Third quarter 2012 GAAP net income per diluted common share from continuing operations was $0.12, which compares to $0.02 in the same quarter last year and $0.00 in the prior quarter.

As of September 30, 2012, cash and cash equivalents totaled $4 million and total debt outstanding, net of discount, was $170 million. Third quarter 2012 cash flow from operations was $12 million and capital expenditures were $2 million. The Company made $24 million of voluntary debt prepayments during the third quarter and ended the quarter with a debt to LTM adjusted EBITDA leverage ratio of 2.6 to 1.
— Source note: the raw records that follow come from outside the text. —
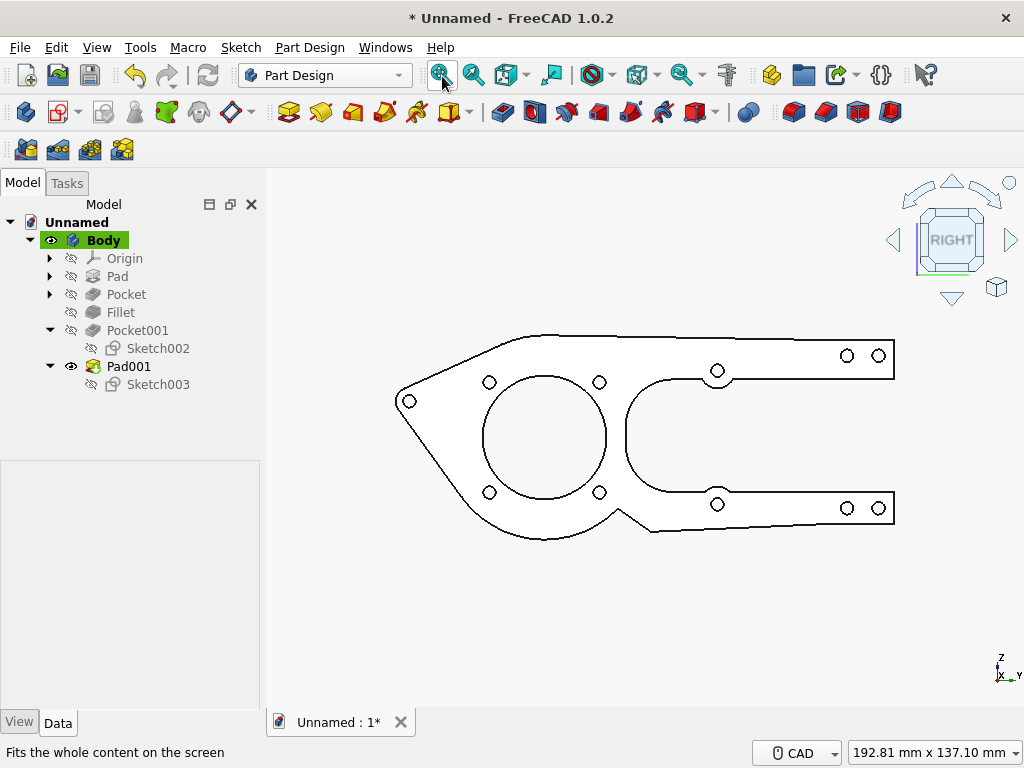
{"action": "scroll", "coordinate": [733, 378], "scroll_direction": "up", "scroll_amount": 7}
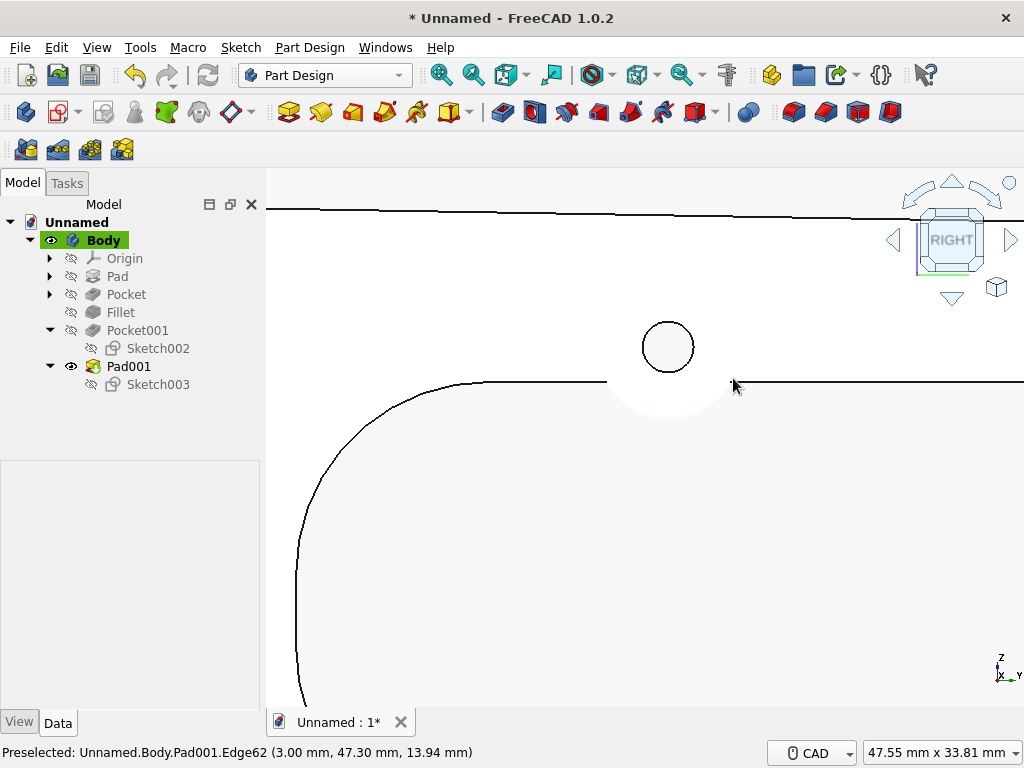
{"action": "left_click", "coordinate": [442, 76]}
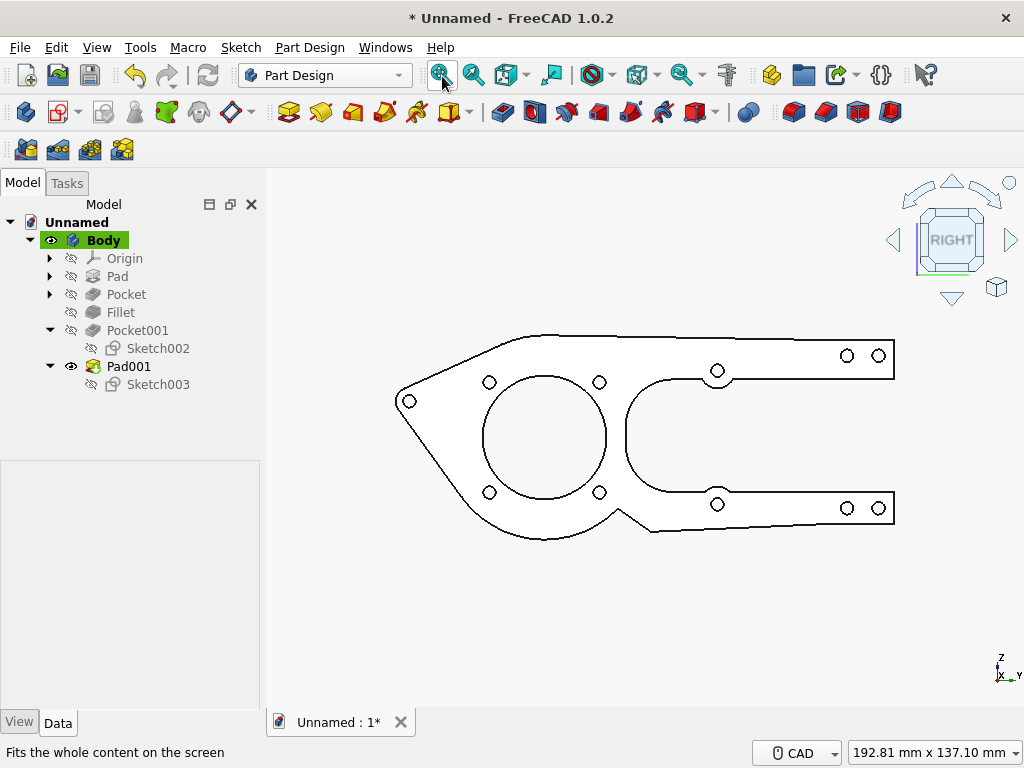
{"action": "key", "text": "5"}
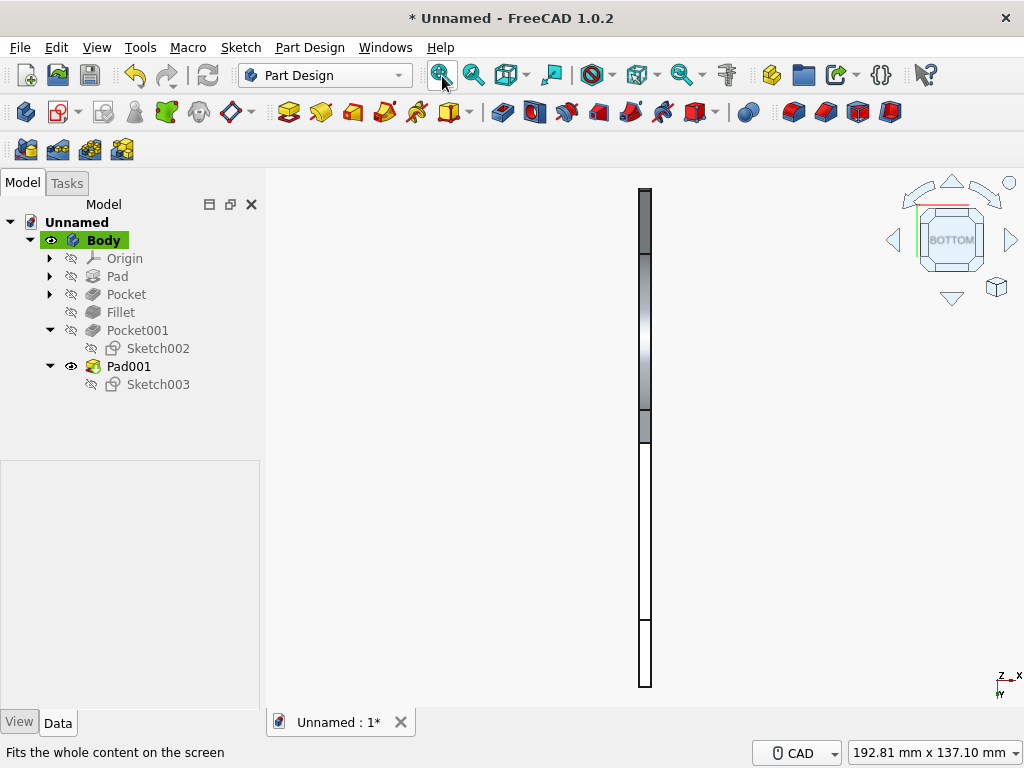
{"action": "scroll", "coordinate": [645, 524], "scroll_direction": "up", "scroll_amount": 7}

Business Trends and Outlook

The Company expects fourth quarter consolidated revenue to be between $240 million and $244 million, representing year-over-year revenue growth of 8% to 10%. Gross margin is expected to be approximately 28.0% to 28.5%. SG&A expenses as a percentage of revenue are expected to be approximately 21.5%, including a total of approximately $1 million of expenses related to strategic initiatives to expand our future candidate supply and workforce solutions position. Adjusted EBITDA margin is expected to be approximately 7.5%.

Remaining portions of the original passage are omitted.